Cyclists also need to be able to store their mode of transport securely, and undercover.  Sheffield bike stands are an acknowledged design classic, and if they are protected from the rain, so much the better.  If a secure area can be provided that is indoors, and well away from potential vandals or those determined to nick your front wheel, this is the best solution all round.

Finally, cyclists need somewhere to store their stuff – the wet weather gear, the shoes, the helmet… Again, this needs to be somewhere secure, and preferably it will enable the items in question to dry out, making the journey home that much more pleasant.

2.  Help overcome the obstacles

Once the basics are sorted, potential cyclists may encounter some other obstacles, which a sympathetic employer can help overcome.

Obstacle: Cycling is really dangerous!
Solution: Have a look at the safety statistics for the area – cycling isn’t as dangerous as you might think. Becoming a cyclist makes you a better driver too – you become more aware of other road users. If safety is a real issue, think about campaigning on design issues to make the landscape safer (such as the introduction of cycle lanes or other practical steps).

Obstacle: I don’t want to cycle home in the dark
Solution: Can you be flexible about the times you need to be at your workplace? Can you get agreement that you’ll cycle to or from work in daylight, working remotely during some of your working day?

Obstacle: I don’t want to cycle up a big hill
Solution: Can you spend some time with colleagues who know the area, using online resources to examine alternative routes? Don’t forget, as a cyclist there will be cut-throughs, contraflows and other routes you can use that won’t be available to drivers. And have a look at a map with contour lines, to try to establish how much you will have to climb and whether you can take an alternative route which has a slower climb, or a climb on quieter roads.

3.  Add the incentives

There are many reasons that you might want to consider biking to work.  Here’s a way to add incentives to a couple of those reasons:

The health incentive

Cycling to work provides an easy way to get fit that can fit into your working day.  So why not add incentives like getting your cardiovascular fitness measured just as you start, and again after 6 months? Some employers offer health insurance as an employee benefit, can the employer negotiate incentives based on cycling, such as a discount on premiums, or vouchers to spend on sports equipment?

The financial incentive

The obvious one to offer here is the opportunity for employers to help their employees purchase a bike through the Government’s Cycle to Work Initiative.  This enables employers to get tax breaks for assisting their employees to buy a bike to use for commuting – for more information see this website.  The employer gets a bike (and safety equipment) at a reduced rate, spread over a number of months – it’s officially a win/win situation.

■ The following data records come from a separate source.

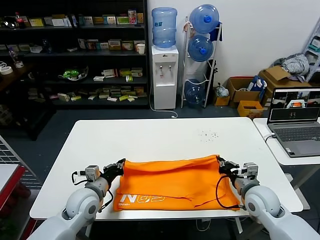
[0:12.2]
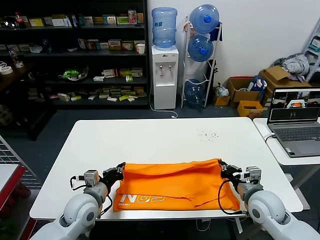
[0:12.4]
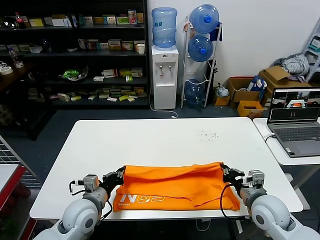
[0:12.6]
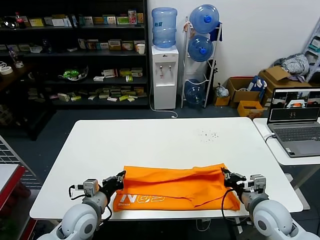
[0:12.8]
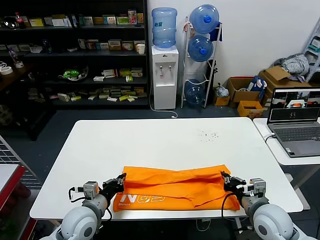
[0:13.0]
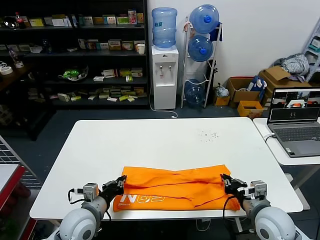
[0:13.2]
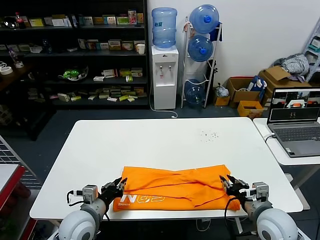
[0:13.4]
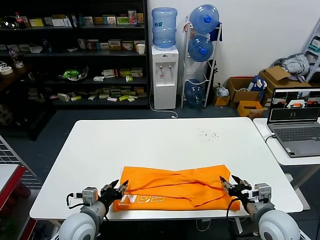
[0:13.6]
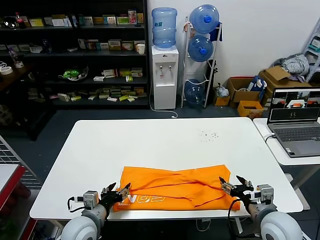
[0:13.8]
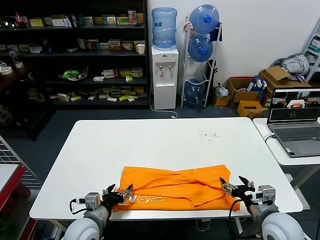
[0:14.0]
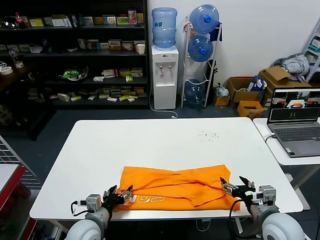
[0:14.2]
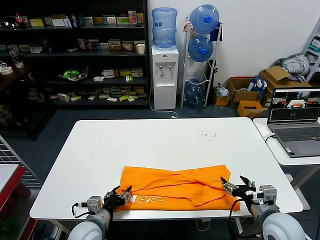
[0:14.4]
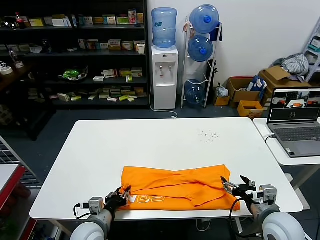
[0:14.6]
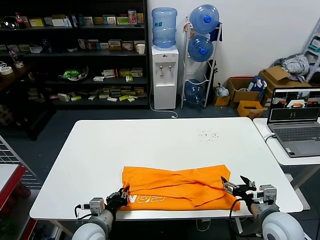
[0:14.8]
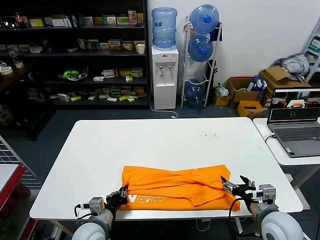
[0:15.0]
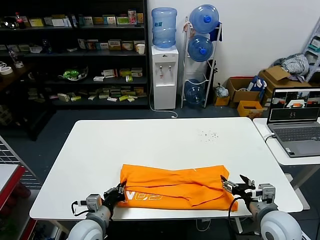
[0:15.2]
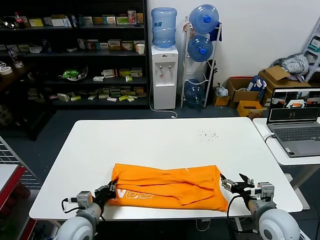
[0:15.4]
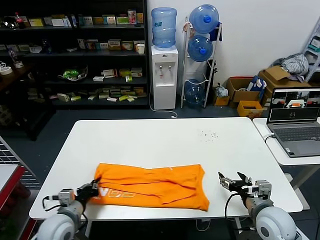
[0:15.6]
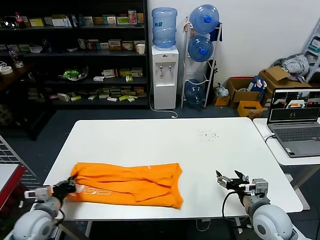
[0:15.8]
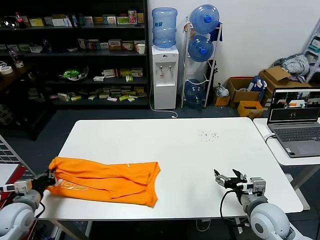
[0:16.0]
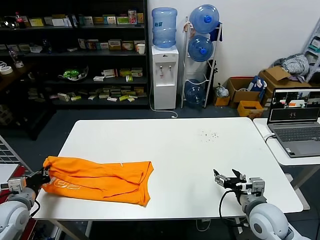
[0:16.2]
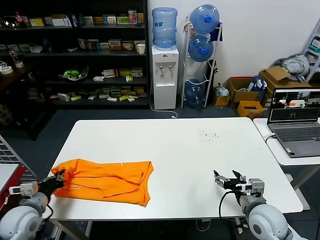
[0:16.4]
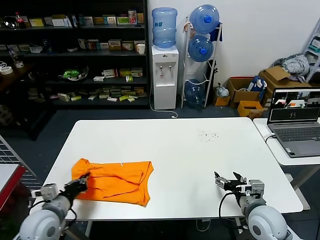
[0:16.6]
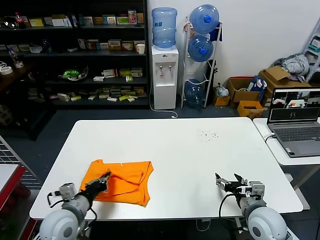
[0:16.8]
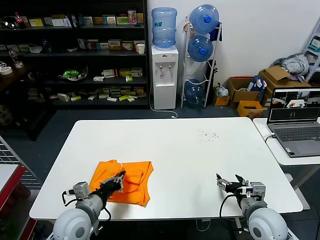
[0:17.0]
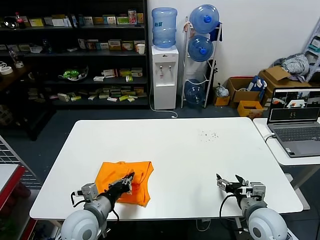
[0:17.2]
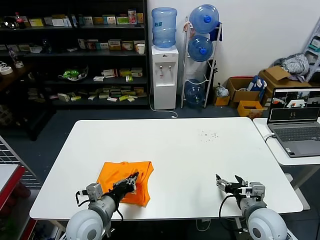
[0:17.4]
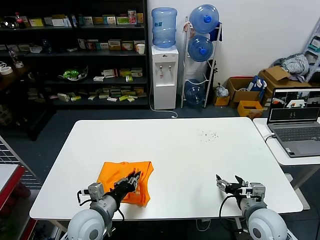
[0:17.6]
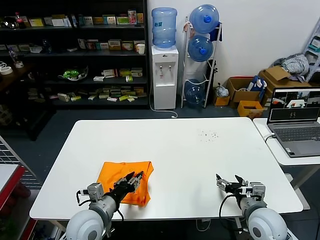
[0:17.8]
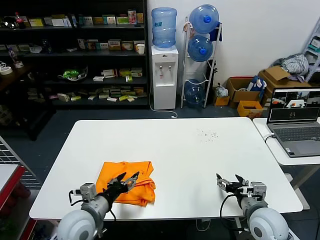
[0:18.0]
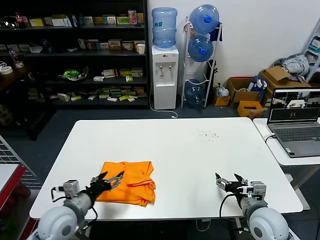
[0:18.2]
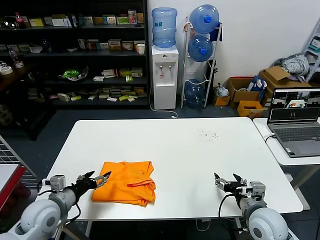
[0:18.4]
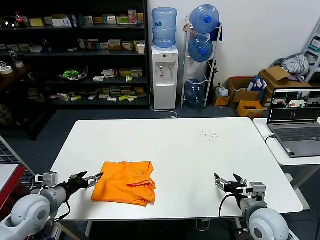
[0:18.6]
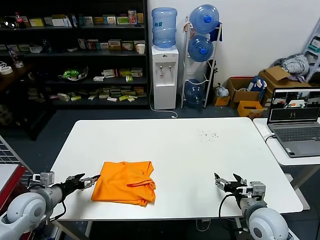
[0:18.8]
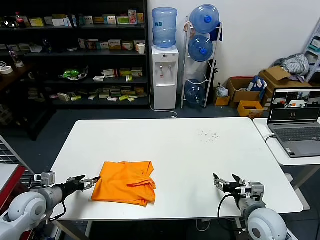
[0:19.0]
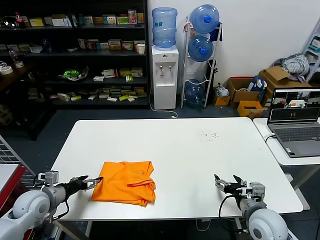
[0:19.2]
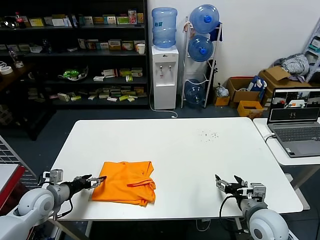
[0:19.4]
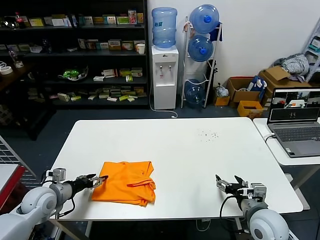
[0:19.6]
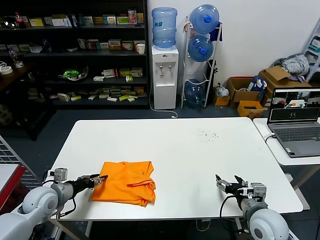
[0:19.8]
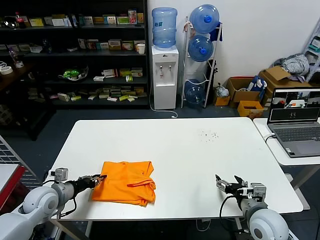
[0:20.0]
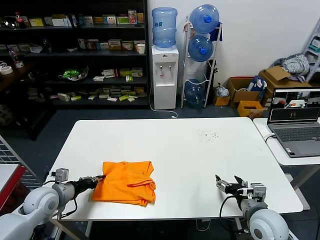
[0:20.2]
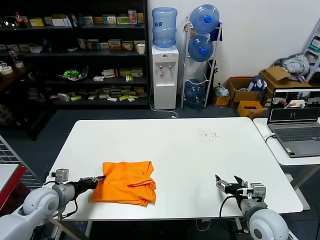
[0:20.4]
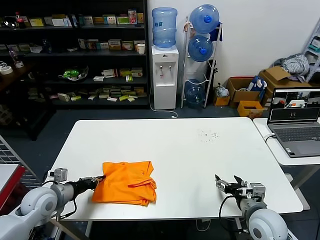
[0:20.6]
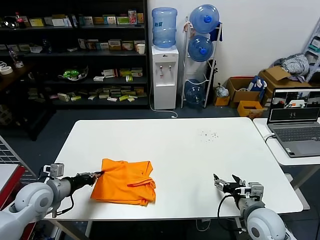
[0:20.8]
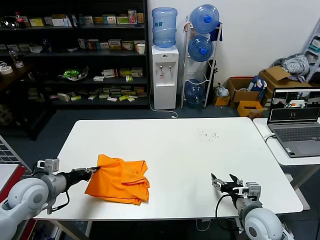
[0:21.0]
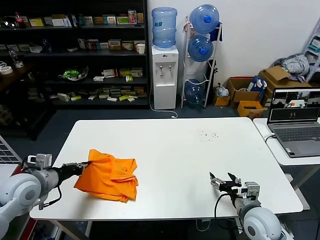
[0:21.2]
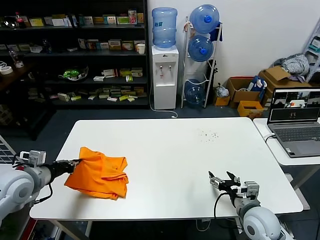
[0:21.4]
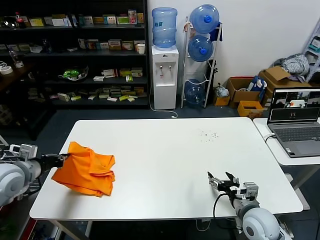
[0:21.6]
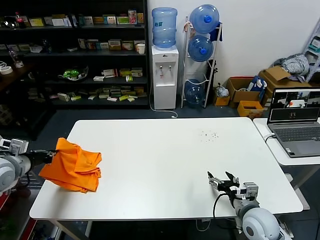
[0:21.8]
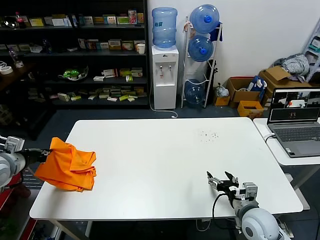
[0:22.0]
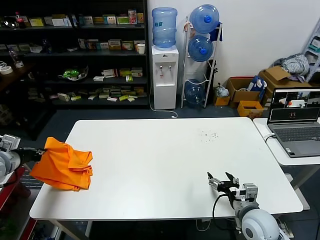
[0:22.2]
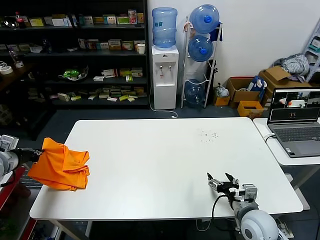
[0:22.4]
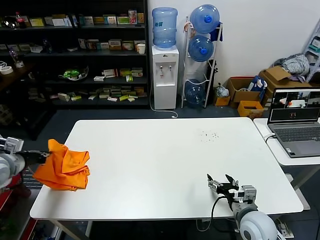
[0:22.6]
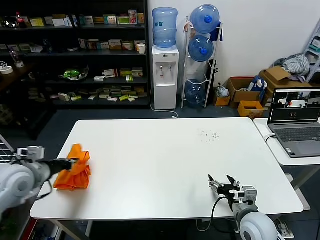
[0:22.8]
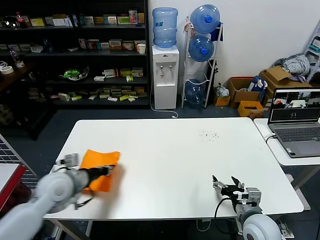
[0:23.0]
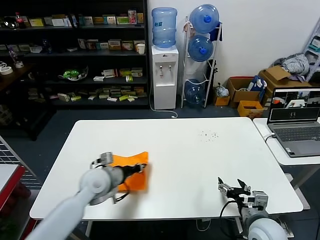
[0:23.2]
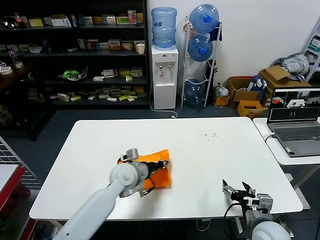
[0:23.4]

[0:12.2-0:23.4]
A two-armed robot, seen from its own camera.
Task of the whole recording: fold and organize the clothes.
Step, 0:13.4 to 0:14.8: use the left gripper to clamp the left edge of the fabric.
Step, 0:15.0 to 0:17.8: use the left gripper to drag the left edge of the fabric to the left and folds it over the right edge.
0:12.2 to 0:13.8: The two grippers go approximately 10 cm backward. The right gripper opens; the left gripper opens its fingers.
0:13.8 to 0:15.4: The left gripper closes up.
0:15.4 to 0:17.0: The left gripper goes approximately 5 cm upward, and reaches roughly 20 cm to the left, then returns.
0:17.0 to 0:18.6: The left gripper goes about 10 cm to the left, and opens up.
0:18.6 to 0:20.2: The left gripper moves approximately 5 cm, and closes up.
0:20.2 to 0:21.8: The left gripper moves upward and to the left, about 15 cm.
0:21.8 to 0:23.4: The left gripper moves to the right and downward, approximately 35 cm.

If you’ve already got a bike, then now’s the time to look seriously at what you can save by cycling, adding your own incentives.  My alternative form of transport is the bus, costing £1.60 per journey or £3.20 per day.  So, each day that I cycle to work, I note that I’ve saved £3.20 per return journey, and can add my own incentive to that: £3.20, I can buy a magazine.  Cycling to and from work 3 days a week saves me £9.60, or a nice lunch out.  Five return journeys a week is £16, and I can start looking at buying an item of clothing, going out for drinks, taking my other half to the cinema, or going out for a meal.  If you normally drive to work, you can estimate your saving in fuel (as, unless you give up your car, your tax / maintenance / insurance costs remain).  Either way, you are able to reward yourself with the tangible benefits of your cycling.